In this paper, we demonstrate the first optical serial-to-parallel conversion in a silicon nanowire using FWM-based time-domain OFT . Additionally, the full potential of the technique is demonstrated by converting more than half of 64 × 10 Gbit/s OTDM data tributaries to a dense 25 GHz DWDM spacing. As a platform for OSP, nonlinear silicon photonics is attracting considerable interest due to its complementary metal–oxide–semiconductor (CMOS) compatibility, integration potential with electronics, low cost and broad operation bandwidth [7, 18–20]. In the present demonstration, 40 out of 64 consecutive 10 Gbit/s tributaries in a 640 Gbit/s OTDM-DPSK data signal are converted onto a 25 GHz DWDM grid. The BER performance is within the standard FEC limit of 2 × 10−3, being limited by the FWM conversion efficiency of our silicon sample. We also perform a demonstration on 640 Gbit/s OTDM-OOK data in a 50 m HNLF, where the higher FWM conversion efficiency enables error-free performance (BER<10−9) for 43 out of 64 tributaries converted to 25 GHz DWDM.
2. Principle of operation
Time-domain OFT is equivalent to the so-called time-lens technique which originates in the space-time duality between diffractive propagation of spatial beams of light and dispersive propagation of temporal pulses of light . In the spatial system, a lens can be employed to achieve a spatial Fourier transformation of an object placed at the front focal plane. The temporal equivalent of a spatial lens is a quadratic phase-modulation as a function of time, denoted a “time-lens”. When combined with dispersive propagation, a time-lens allows a Fourier transformation that can transfer the spectral profile of a pulsed waveform into the time-domain and vice-versa . The time-domain OFT setup for a time-to-frequency transformation is shown in Fig. 1(a) , where it converts time-interleaved OTDM tributaries into frequency-interleaved DWDM channels.

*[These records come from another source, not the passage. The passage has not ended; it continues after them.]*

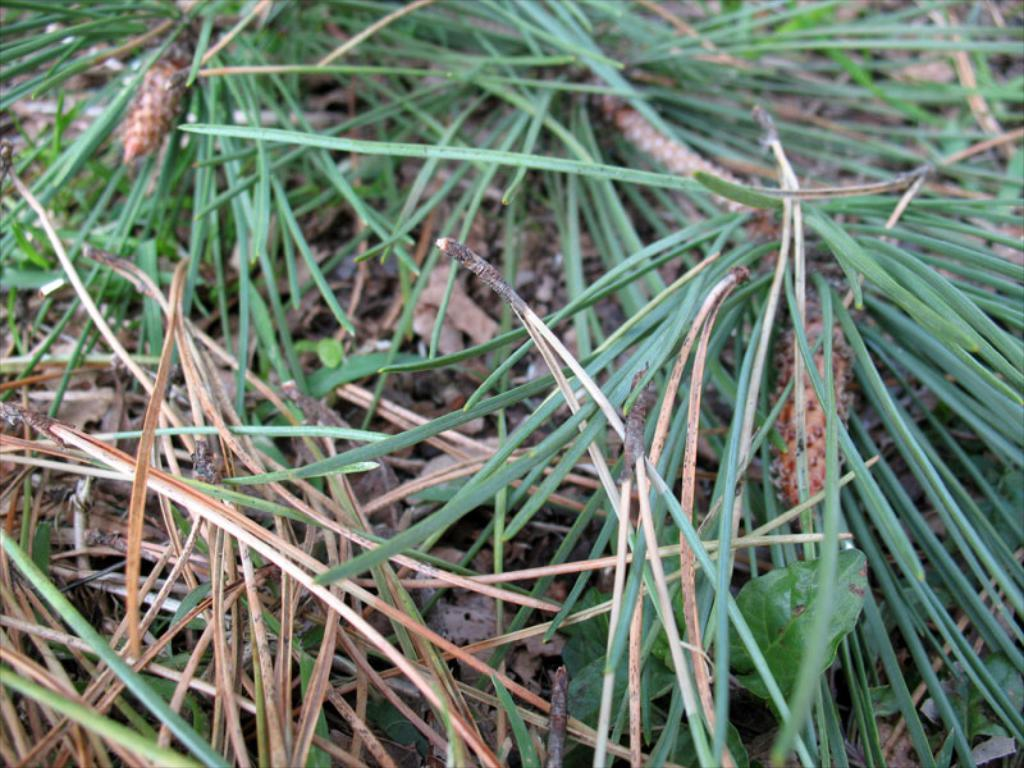What type of surface is on the floor in the image? There is grass on the floor in the image. What can be seen beneath the grass in the image? There is soil visible in the image. What other natural elements are present in the image? There are twigs in the image. Who won the competition in the image? There is no competition present in the image. What type of paper is visible in the image? There is no paper visible in the image. 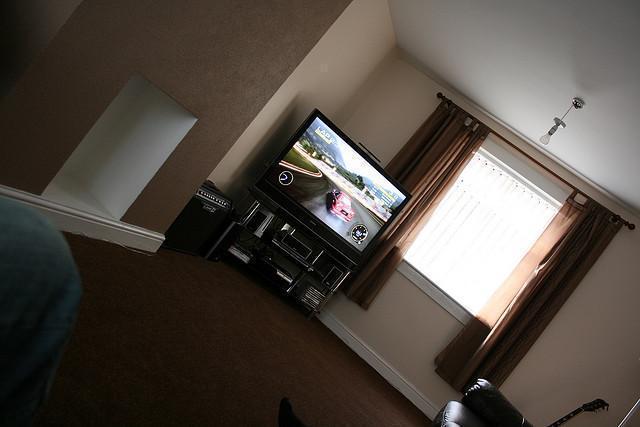What type of game is being played?
From the following set of four choices, select the accurate answer to respond to the question.
Options: Card, athletic, board, video. Video. 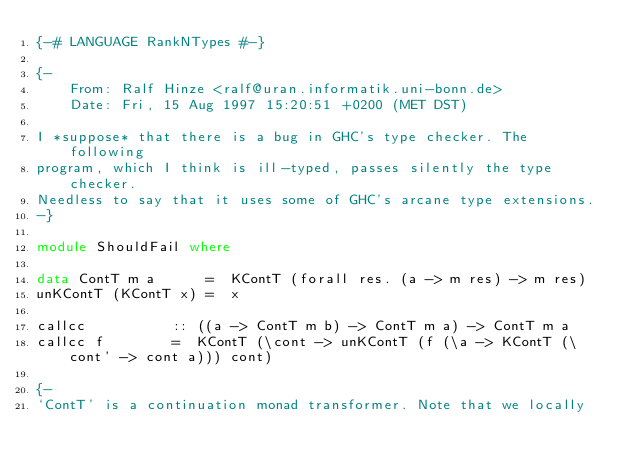<code> <loc_0><loc_0><loc_500><loc_500><_Haskell_>{-# LANGUAGE RankNTypes #-}

{- 
	From: Ralf Hinze <ralf@uran.informatik.uni-bonn.de>
	Date: Fri, 15 Aug 1997 15:20:51 +0200 (MET DST)

I *suppose* that there is a bug in GHC's type checker. The following
program, which I think is ill-typed, passes silently the type checker.
Needless to say that it uses some of GHC's arcane type extensions.
-}

module ShouldFail where

data ContT m a		=  KContT (forall res. (a -> m res) -> m res)
unKContT (KContT x)	=  x

callcc			:: ((a -> ContT m b) -> ContT m a) -> ContT m a
callcc f		=  KContT (\cont -> unKContT (f (\a -> KContT (\cont' -> cont a))) cont)

{-
`ContT' is a continuation monad transformer. Note that we locally</code> 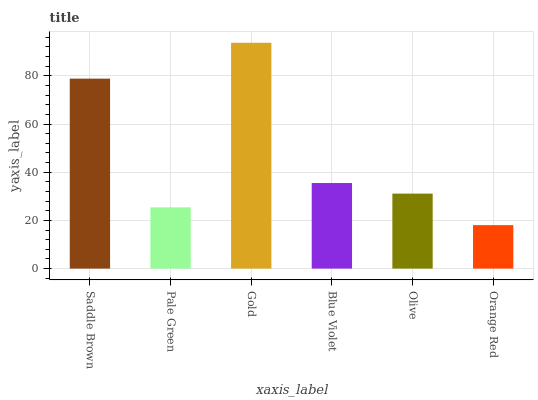Is Orange Red the minimum?
Answer yes or no. Yes. Is Gold the maximum?
Answer yes or no. Yes. Is Pale Green the minimum?
Answer yes or no. No. Is Pale Green the maximum?
Answer yes or no. No. Is Saddle Brown greater than Pale Green?
Answer yes or no. Yes. Is Pale Green less than Saddle Brown?
Answer yes or no. Yes. Is Pale Green greater than Saddle Brown?
Answer yes or no. No. Is Saddle Brown less than Pale Green?
Answer yes or no. No. Is Blue Violet the high median?
Answer yes or no. Yes. Is Olive the low median?
Answer yes or no. Yes. Is Saddle Brown the high median?
Answer yes or no. No. Is Saddle Brown the low median?
Answer yes or no. No. 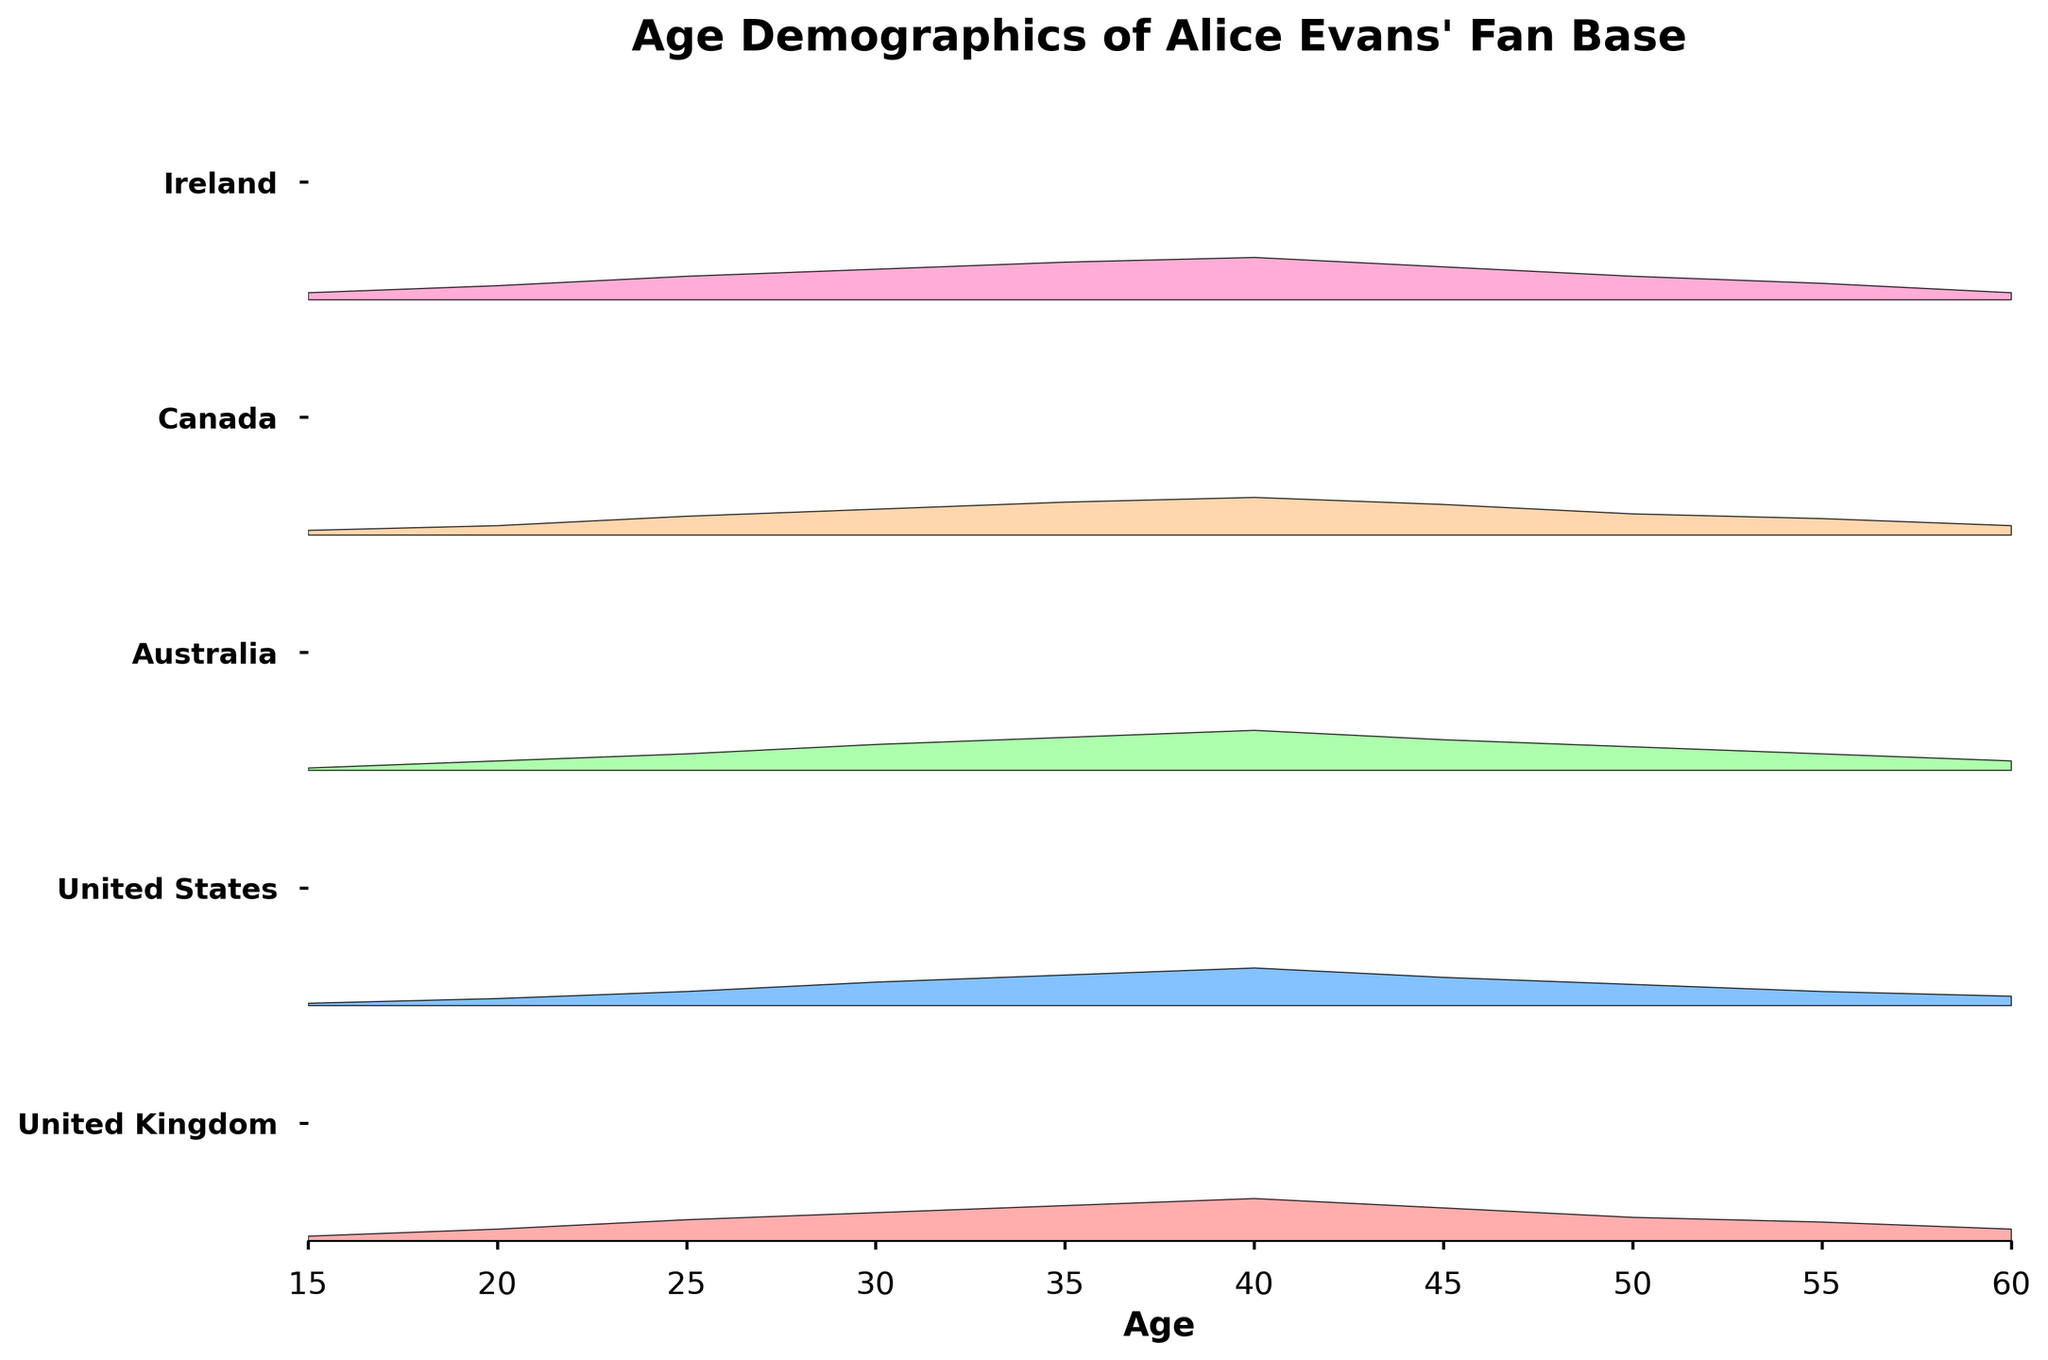Which country has the highest density of fans aged 40? The peak density for each age group is highlighted in the ridgeline plot. The density at age 40 in Ireland is 0.18, which is higher than in any other country.
Answer: Ireland What is the average fan density for people aged 25 across all countries? Add the density values for age 25 across all countries: 0.09 (UK) + 0.06 (US) + 0.07 (Australia) + 0.08 (Canada) + 0.10 (Ireland) = 0.40. Then divide by the number of countries: 0.40 / 5 = 0.08.
Answer: 0.08 Which age group has the lowest average density overall? Calculate the average density for each age group across all countries and compare them. The densities for age 15 are 0.02 (UK), 0.01 (US), 0.01 (Australia), 0.02 (Canada), and 0.03 (Ireland). The total is 0.09, and the average is 0.09 / 5 = 0.018, which is the lowest.
Answer: 15 Between Ireland and Australia, which country has more fans aged 30? Check the densities for age 30 in both countries. Ireland has a density of 0.13, while Australia has a density of 0.11. Hence, Ireland has more fans aged 30.
Answer: Ireland What age group in the United States has the highest density of fans? Identify the age group with the highest density in the ridgeline plot for the United States. The age group at 40 has the highest density of 0.16.
Answer: 40 Compare the density of fans aged 50 in the United Kingdom and Canada. Which country has a higher density? Look at the density at age 50 for both countries. The United Kingdom has a density of 0.10, while Canada has a density of 0.09. The United Kingdom has a higher density.
Answer: United Kingdom What is the sum of densities for fans aged 35 across all countries? Add the density values for age 35: 0.15 (UK) + 0.13 (US) + 0.14 (Australia) + 0.14 (Canada) + 0.16 (Ireland) = 0.72.
Answer: 0.72 Which country has the most evenly distributed fan base age demographics from age 15 to 60? Determine which country has the least variance in densities across all age groups. Reviewing the graph, the densities of Canada appear more consistent than other countries.
Answer: Canada How does the density of fans aged 55 in Australia compare to that of Ireland? Compare the densities at age 55 for both countries. Australia has a density of 0.07, while Ireland has a density of 0.07, making them equal.
Answer: Equal What is the combined density of fans aged 20 and 30 in the United Kingdom? Add the density values for ages 20 and 30: 0.05 (age 20) + 0.12 (age 30) = 0.17.
Answer: 0.17

Firstly, the OTDM pulses are propagated through a medium with accumulated second order chromatic dispersion D, given by D = β2L for a medium of length L and second order dispersion parameter β2. By propagating through the dispersive medium, the pulses broaden and acquire a linear chirp. The acquired chirp rate can be approximated by 1/D when the pulses are propagated well beyond their dispersion length. Subsequently, the broadened pulses receive a quadratic phase-modulation at a rate K so as to cancel the dispersive chirp, resulting in a spectral compression. The dispersion and chirp must be balanced according to the condition D = 1/K in order to achieve a successful time-to-frequency mapping. Under such conditions, OTDM tributaries interleaved by a temporal spacing Δτ are transformed to DWDM channels with frequency spacing Δf according to the equation 2π × Δf = K × Δτ. A more detailed analysis can be found in [14, 16].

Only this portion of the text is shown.